Пожалуй, лучше всего обратиться на прямую к Меркулову, первому заместителю народного комиссара, который учился на физико-математическом факультете Петербургского университета и всерьез занимался электротехникой. У него имеется даже несколько публикаций в специализированных научных журналах.
Несмотря на близость к Берия, он находился как бы немного в стороне от его окружения, отличался даже внешне, был высок, строен, по-мужски красив (не иначе, как смешение русской и грузинской кровей), интеллигентен.

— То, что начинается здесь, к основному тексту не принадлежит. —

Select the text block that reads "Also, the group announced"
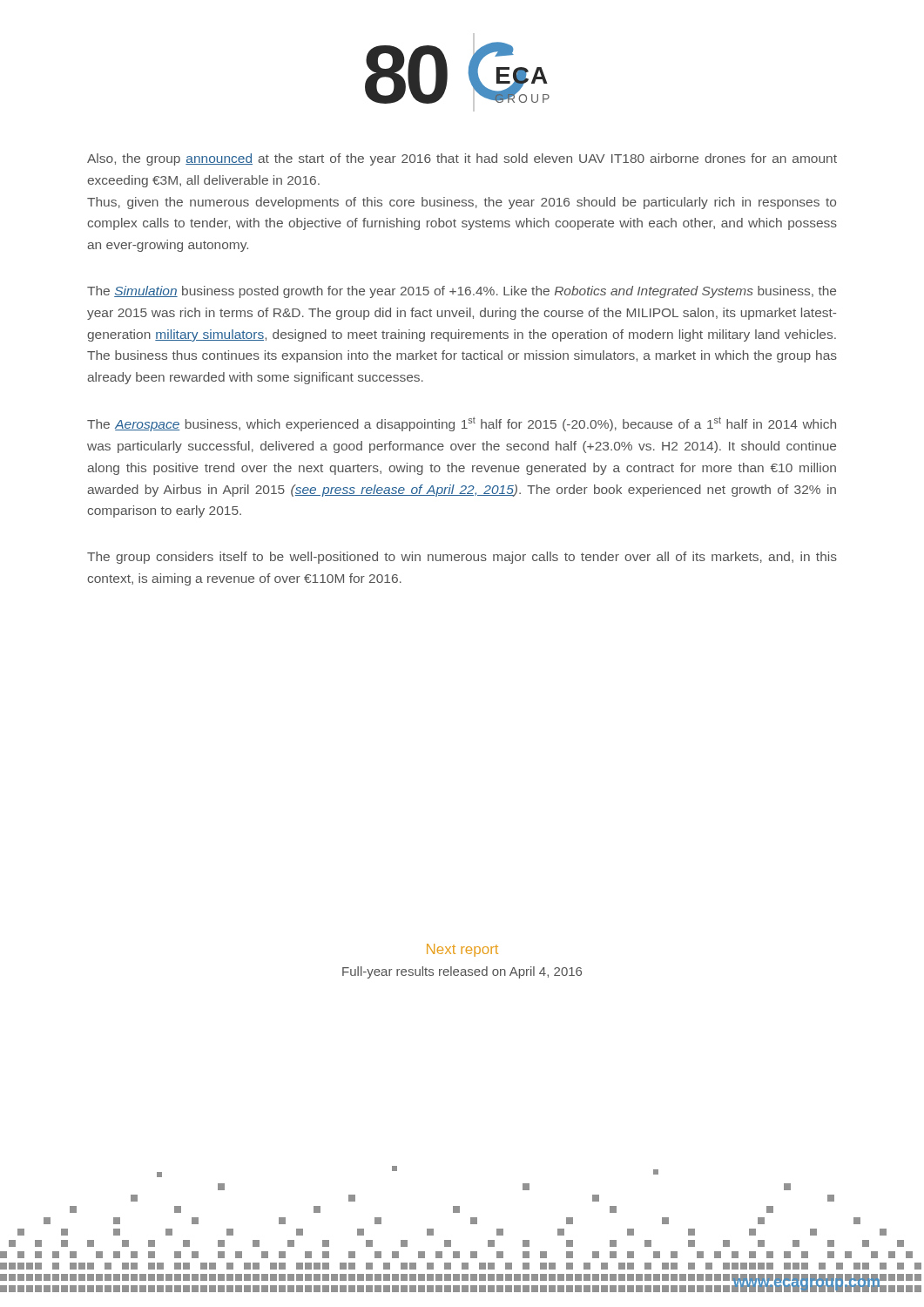The image size is (924, 1307). (462, 201)

Глядя на Меркулова, человека далеко не сурового, с изящными аристократическими манерами, оставалось удивляться замысловатому капризу судьбы – каким таким образом на него свалилось немереное бремя власти. На такое место подошел бы человек более волевой и жесткий.
Под началом товарища Меркулова майор Волостнов работал в тридцать восьмом году, когда тот возглавлял в Главном управлении государственной безопасности контрразведывательный орган. Впоследствии Меркулов был назначен руководителем Главного управления, а Волостнов был переведен в Вологду на должность заместителя начальника управления НКВД Вологодской области.
От работы с Меркуловым у майора остались самые приятные воспоминания. Всеволод Николаевич держался просто, производил впечатление весьма доступного и интеллигентного человека, к подчиненным обращался по имени-отчеству, умел расположить к себе, готов был выслушать всякого, кто к нему обращался, а его решения всегда были взвешенными и весьма продуманными.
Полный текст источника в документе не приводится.